Humans are not purely rational animals. If something can be automated, give it to the automatic system. Reason should design rules, not personally fight every night when tired.
From Being Shaped to Shaping Yourself
The illusory truth effect is interesting: the more often a statement is repeated, the more it can feel true, regardless of whether it is actually true.
This is sharper than the proverb about rumors becoming truth through repetition. It means that even without social pressure, repeated exposure can turn a sentence into familiarity, and familiarity can become default judgment.
This shows that people can be shaped. Advertising, propaganda, social circles, and recommendation algorithms all do this. They may not first change rational conclusions. They first change familiarity, default feeling, and fluency. Over time, outside voices can become feeling, then judgment, then self.
But if people can be passively shaped, they can also actively shape themselves.
The question is not whether I will be influenced. The question is what I choose to be influenced by.
A New Identity Feels Stupid at First
Li Xiaolai once described using self-talk to quit smoking by repeatedly saying: “I never smoke.”
At first, this sentence feels absurd because the current fact is the opposite. Consciousness protests: how can I say I never smoke when I still smoke?
That feeling of stupidity is the old self-model protesting. It does not prove the new script is invalid. It means the script has touched the boundary of the old identity.
“I never smoke” is not describing the current fact. It is installing a new identity script.
Sentences Must Be Executable
Useful self-training is not slogan shouting. It compresses a sentence into an action that can be executed immediately.

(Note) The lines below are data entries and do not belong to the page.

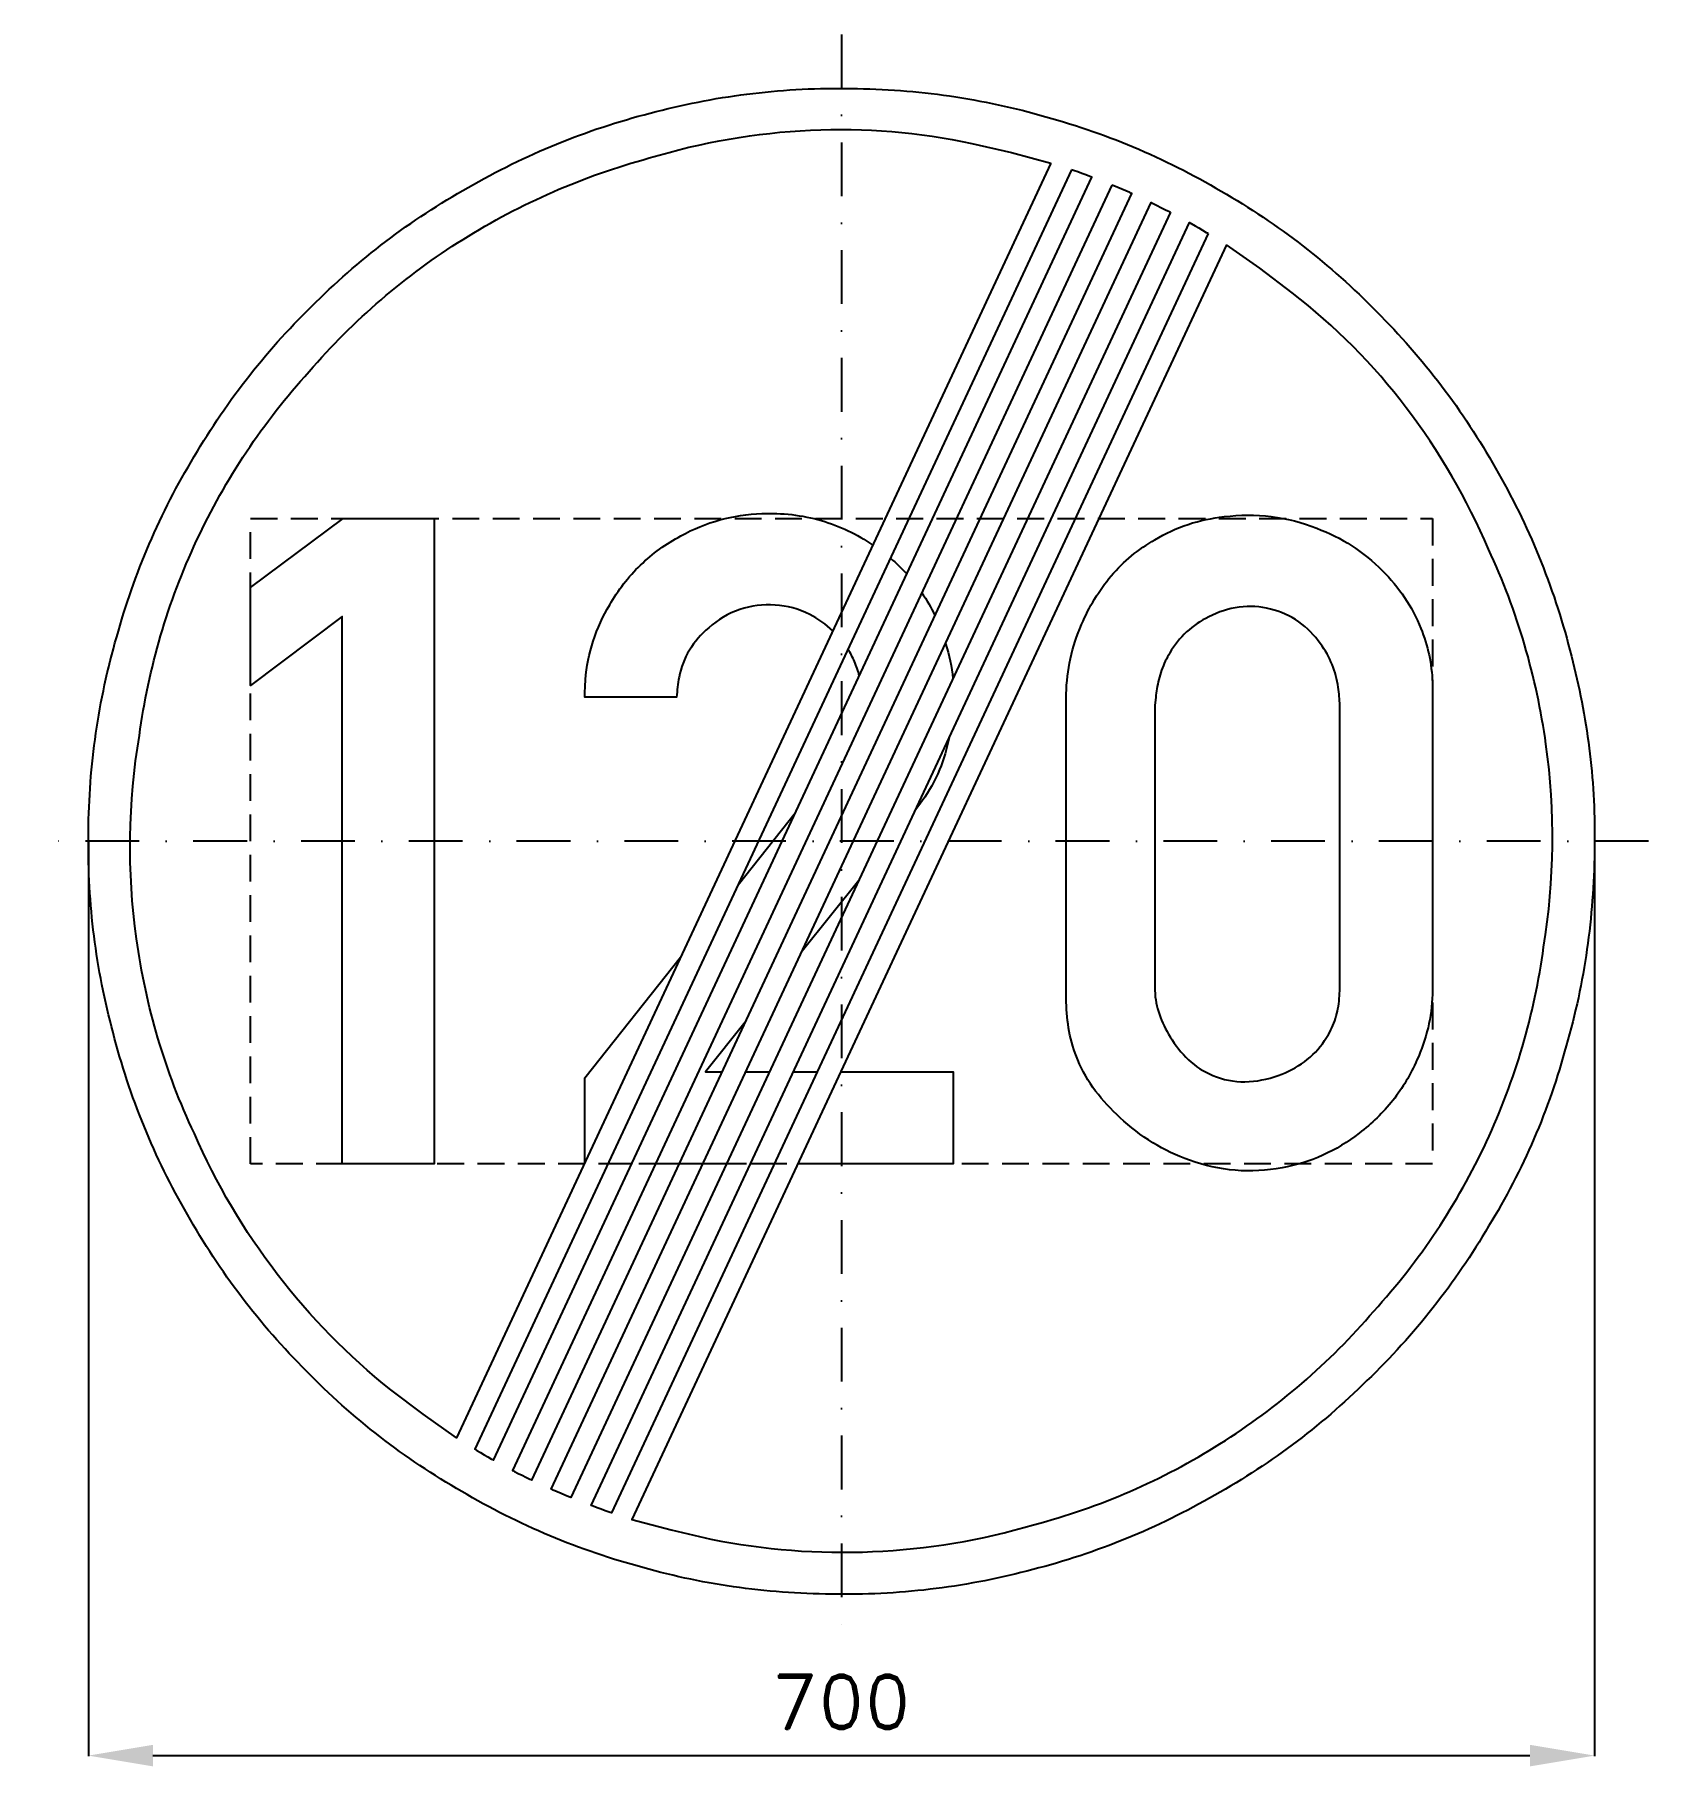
# Model space of a CAD drawing. Header units: millimetres. Extents: x -375 to 375, y -430 to 375.
import ezdxf

# ---------------------------------------------------------------- set-up
doc = ezdxf.new("R2010")
doc.units = ezdxf.units.MM
doc.header["$LTSCALE"] = 5
doc.linetypes.add('ČERCHOVANÁX2', pattern=[2, 1, -0.5, 0, -0.5])
doc.linetypes.add('ČÁRKOVANÁX2', pattern=[1.5, 1, -0.5])
doc.layers.add('Kóty', color=2, linetype='Continuous')
doc.layers.add('Značka', color=7, linetype='Continuous')
doc.styles.get("Standard").update_dxf_attribs({"font": 'romand.shx', "height": 25})
doc.dimstyles.get("Standard").update_dxf_attribs({"dimtxt": 25, "dimasz": 30, "dimexe": 0.18, "dimexo": 0.0625, "dimgap": 12.5, "dimtad": 1, "dimdec": 0, "dimzin": 0, "dimdsep": 46, "dimtxsty": 'Standard', "dimcen": 0.09, "dimadec": 0, "dimazin": 0, "dimtfac": 1, "dimtdec": 0, "dimtofl": 0, "dimtmove": 0, "dimatfit": 3, "dimfxl": 1, "dimtolj": 1, "dimtzin": 0, "dimarcsym": 0})

# ---------------------------------------------------------------- blocks, each defined once
blk = doc.blocks.new('*D2')
at = {"layer": 'Defpoints', "color": 0, "transparency": 16777216}
for p in [(-350.04, 0), (349.99, 0), (349.99, -425.06)]:
    blk.add_point(p, dxfattribs=at)
at = {"layer": 'Kóty', "color": 0, "lineweight": -2, "transparency": 16777216}
for p, q in [((-350.04, -0.06), (-350.04, -425.24)), ((349.99, -0.06), (349.99, -425.24)), ((-320.04, -425.06), (319.99, -425.06))]:
    blk.add_line(p, q, dxfattribs=at)
at = {"layer": 'Kóty', "color": 0, "transparency": 16777216}
for points in [[(-320.04, -420.06), (-320.04, -430.06), (-350.04, -425.06)], [(319.99, -420.06), (319.99, -430.06), (349.99, -425.06)]]:
    blk.add_solid(points, dxfattribs=at)
at = {"layer": 'Kóty', "color": 0, "transparency": 16777216, "insert": (-0.03, -400.06), "char_height": 25, "attachment_point": 5}
blk.add_mtext('\\A1;700', dxfattribs=at)

msp = doc.modelspace()

# ---------------------------------------------------------------- linework, layer by layer
at = {"layer": 'Značka', "color": 6, "linetype": 'ČERCHOVANÁX2', "lineweight": 25, "ltscale": 5}
for p, q in [((0, 375), (0, -375)), ((375, 0), (-375, 0))]:
    msp.add_line(p, q, dxfattribs=at)
at = {"layer": 'Značka', "color": 5}
for points in [[(349.99, -0.03, -0.001625), (349.98, -2.32), (349.96, -4.61, -0.032168), (346.47, -50.24, -0.035723), (336.85, -95.03, -0.036665), (321.81, -138.29, -0.034753), (300.78, -178.98, -0.034041), (274.95, -216.8, -0.034446), (244.21, -250.74, -0.034566), (209.5, -280.59, -0.034423), (171, -305.4, -0.034389), (129.74, -325.25, -0.034417), (86.14, -339.26, -0.034425), (41.14, -347.75, -0.034402), (-4.59, -350, -0.034408), (-50.26, -346.56, -0.034407), (-95.02, -336.89, -0.034408), (-138.23, -321.75, -0.034412), (-178.97, -300.82, -0.034403), (-216.79, -275.01, -0.034416), (-250.72, -244.26, -0.034424), (-280.57, -209.53, -0.03441), (-305.39, -171.05, -0.034415), (-325.24, -129.78, -0.034418), (-339.24, -86.18, -0.034414), (-347.74, -41.19, -0.034417), (-349.98, 4.55, -0.034416), (-346.54, 50.21, -0.034414), (-336.87, 94.97, -0.034418), (-321.73, 138.19, -0.034421), (-300.8, 178.92, -0.034414), (-274.99, 216.75, -0.034413), (-244.24, 250.68, -0.034403), (-209.52, 280.53, -0.034421), (-171.03, 305.34, -0.034408), (-129.76, 325.19, -0.034417), (-86.17, 339.2, -0.034422), (-41.17, 347.69, -0.034424), (4.57, 349.94, -0.034419), (50.23, 346.5, -0.034406), (94.99, 336.83, -0.034428), (138.21, 321.68, -0.034446), (178.94, 300.76, -0.03443), (216.76, 274.95, -0.034407), (250.69, 244.2, -0.034402), (280.55, 209.47, -0.03449), (305.36, 170.99, -0.034412), (325.19, 129.73, -0.034076), (339.22, 86.12, -0.032791), (347.5, 43.35, -0.034266), (349.99, -0.03)], [(97.36, 315.28), (-178.96, -277.3), (-194.41, -266.39), (-209.52, -254.99, -0.060973), (-262.27, -201.2, -0.061376), (-300.78, -135.82, -0.076299), (-327.67, -45.32, -0.076249), (-326.33, 49.13, -0.076077), (-299.71, 139.78, -0.075846), (-247.43, 218.34, -0.075536), (-175.91, 279.8, -0.074223), (-89.32, 317.65, -0.061358), (-14.37, 330.61, -0.066762), (60.63, 324.35), (79.08, 320.14), (97.36, 315.28)], [(178.93, 277.24), (-97.39, -315.34), (-79.1, -320.16), (-60.66, -324.41, 0.060983), (14.46, -330.24, 0.061375), (89.3, -317.71, 0.076296), (175.9, -280.14, 0.076245), (247.4, -218.4, 0.076077), (299.73, -139.75, 0.075845), (326.31, -49.19, 0.075537), (327.41, 45.09, 0.074217), (300.76, 135.76, 0.061371), (262.5, 201.5, 0.06675), (209.5, 254.93), (194.41, 266.36), (178.93, 277.24)], [(-4.03, 97.83, 0.076527), (-14.76, 105.48, 0.106049), (-30.89, 109.78, 0.106168), (-47.3, 107.72, 0.099962), (-61.7, 99.25, 0.083732), (-70.67, 88.86, 0.091648), (-75.48, 76.31, 0.026151), (-76.21, 71.68, 0.008677), (-76.61, 67), (-119.3, 67, -0.003378), (-119.2, 71.03, -0.010133), (-118.98, 75.06, -0.05942), (-115.43, 93.08, -0.058238), (-107.73, 109.91, -0.072155), (-93.46, 128.35, -0.072222), (-74.61, 141.97, -0.061486), (-56.49, 149.42, -0.059935), (-37.08, 152.31, -0.083074), (-9.37, 149.08, -0.082355), (14.57, 137.71)], [(104.45, 63.13, -0.001975), (104.43, 65.81, -0.005951), (104.45, 68.5, -0.049017), (106.41, 84.9, -0.049987), (111.61, 100.75, -0.079542), (125.39, 123.39, -0.089086), (145.64, 140.16, -0.059801), (161.14, 147.33, -0.052023), (177.89, 150.91, -0.062004), (199.74, 150.93, -0.064495), (220.86, 145.53, -0.055434), (237.19, 137.36, -0.055478), (251.33, 125.81, -0.051122), (261.71, 113.33, -0.054905), (269.23, 98.97, -0.045244), (273.07, 86.64, -0.045983), (274.61, 73.88, -0.012298), (274.68, 69.41, -0.004112), (274.61, 64.94), (274.61, -65.81, -0.002294), (274.63, -68.5, -0.006926), (274.61, -71.19, -0.051774), (272.59, -86.74, -0.049691), (267.45, -101.66, -0.066793), (256.28, -120.43, -0.065906), (240.58, -135.66, -0.06109), (223.67, -145.97, -0.064132), (204.77, -151.78, -0.069648), (183.01, -152.94, -0.067435), (161.77, -148.22, -0.056805), (144.63, -140.11, -0.049585), (129.52, -128.5, -0.048063), (118.09, -116.12, -0.065881), (109.83, -101.66, -0.05477), (105.84, -88.5, -0.042363), (104.45, -74.78, -0.009248), (104.4, -70.29, -0.003105), (104.45, -65.81), (104.45, 63.13)], [(22.75, 131.6, -0.032921), (30.37, 124.28, -0.032921)], [(37.32, 115.52, -0.038146), (43.44, 105, -0.038146)], [(145.64, 63.13), (145.64, -65.81, 0.003203), (145.62, -67.61, 0.009643), (145.64, -69.41, 0.073871), (147.74, -80.51, 0.059528), (152.8, -90.91, 0.070728), (161.3, -101.59, 0.094565), (172.52, -108.81, 0.108395), (187.52, -111.78, 0.087548), (202.95, -108.81, 0.078165), (215.15, -102.47, 0.088168), (224.45, -92.69, 0.061764), (228.82, -84.51, 0.06118), (231.08, -75.56, 0.025171), (231.51, -70.7, 0.008392), (231.61, -65.81), (231.61, 63.13, 0.00549), (231.33, 67.37, 0.01651), (230.86, 71.59, 0.058319), (228.03, 82.15, 0.064727), (222.67, 91.78, 0.088088), (212.49, 102.02, 0.097893), (199.39, 107.91, 0.099833), (184.8, 108.82, 0.08826), (170.73, 104.34, 0.074157), (160.39, 97.31, 0.075676), (152.64, 87.66, 0.052597), (148.78, 79.54, 0.046068), (146.58, 70.84, 0.014327), (146.03, 66.99), (145.64, 63.13)], [(8.27, 76.89, 0.047101), (6.07, 83.57, 0.039244), (3.02, 89.29)], [(48.41, 91.98, -0.052899), (51.78, 75.55)], [(50, 48.07, -0.046472), (45.56, 33.32, -0.061851), (37.48, 18.81), (35.88, 16.62), (34.49, 14.8)]]:
    msp.add_lwpolyline(points, format="xyb", dxfattribs=at)
for points in [[(106.94, 312.16), (-170.41, -282.63), (-169.98, -282.89), (-169.55, -283.15), (-167.82, -284.18), (-166.09, -285.19), (-164.35, -286.2), (-162.61, -287.19), (-162.17, -287.44), (-161.73, -287.69), (116.39, 308.76), (115.92, 308.93), (115.45, 309.11), (113.57, 309.81), (111.68, 310.49), (109.79, 311.17), (107.89, 311.83), (107.42, 311.99), (106.94, 312.16)], [(125.71, 305.08), (-152.93, -292.46), (-152.48, -292.69), (-152.04, -292.93), (-150.26, -293.84), (-148.48, -294.75), (-146.69, -295.64), (-144.89, -296.53), (-144.44, -296.75), (-143.99, -296.96), (134.9, 301.13), (134.45, 301.33), (133.99, 301.54), (132.16, 302.35), (130.32, 303.14), (128.48, 303.93), (126.64, 304.7), (126.18, 304.89), (125.71, 305.08)], [(152.9, 292.4), (-125.74, -305.14), (-126.2, -304.95), (-126.66, -304.76), (-128.51, -303.99), (-130.35, -303.2), (-132.18, -302.41), (-134.01, -301.6), (-134.47, -301.39), (-134.93, -301.19), (143.97, 296.9), (144.42, 296.69), (144.87, 296.47), (146.66, 295.58), (148.45, 294.69), (150.24, 293.78), (152.01, 292.87), (152.46, 292.63), (152.9, 292.4)], [(170.39, 282.57), (-106.97, -312.22), (-107.44, -312.05), (-107.92, -311.89), (-109.81, -311.23), (-111.71, -310.55), (-113.59, -309.87), (-115.48, -309.17), (-115.95, -308.99), (-116.42, -308.82), (161.71, 287.63), (162.15, 287.38), (162.58, 287.13), (164.33, 286.14), (166.07, 285.13), (167.8, 284.12), (169.52, 283.09), (169.96, 282.83), (170.39, 282.57)], [(-232.02, -150), (-232.02, 104.44), (-274.61, 72.41), (-274.61, 117.97), (-231.58, 150.03), (-189.3, 150.03), (-189.3, -150), (-232.02, -150)], [(-48.06, -20.25), (-21.35, 13.37)], [(8.07, -18.18), (-18.32, -51.13)], [(-119.3, -150), (-119.3, -109.91), (-74.77, -53.87)], [(-44.73, -84.09), (-63.23, -107.19), (-55.5, -107.19)], [(-44.46, -107.19), (-33.43, -107.19)], [(-22.4, -107.19), (-11.36, -107.19)], [(-0.33, -107.19), (51.95, -107.19), (51.95, -150), (-20.29, -150)], [(-97.53, -150), (-108.56, -150)], [(-75.46, -150), (-86.5, -150)], [(-53.39, -150), (-64.43, -150)], [(-31.32, -150), (-42.36, -150)]]:
    msp.add_lwpolyline(points, dxfattribs=at)
at = {"layer": 'Značka', "color": 6, "linetype": 'ČÁRKOVANÁX2', "ltscale": 2.5}
msp.add_lwpolyline([(-274.61, -150), (-274.61, 150), (274.61, 150), (274.61, -150), (-274.61, -150)], dxfattribs=at)

# ---------------------------------------------------------------- dimensions: what is measured, and where the dimension line sits
at = {"layer": 'Kóty'}
dim = msp.add_linear_dim(base=(349.99, -425.06), p1=(-350.04, 0), p2=(349.99, 0), dimstyle='Standard', dxfattribs=at)
dim.commit()
dim.dimension.update_dxf_attribs({"geometry": '*D2', "text_midpoint": (-0.03, -400.06)})

doc.saveas('drawing.dxf')

“I want self-discipline” is too abstract.
“I want to sleep earlier” is also too abstract.
A better sentence is:
Time’s up, shut it down.
It is not a wish. It is a trigger. When the signal appears, the action happens, without negotiation in the middle.
The Bell Is Not a Reminder, It Is a Switch
Pavlov’s dog shows a simple fact: signals can be trained into entrances for action.
For sleeping earlier, the chain can be:
time / alarm -> shut down computer -> leave desk -> sleepAt first, consciousness must connect the chain. After enough repetition, the signal no longer merely reminds. It becomes an action switch.
The key is consistency. If every alarm allows “just a little more,” what gets trained is not “alarm means shut down.” It is “alarm means negotiation begins.”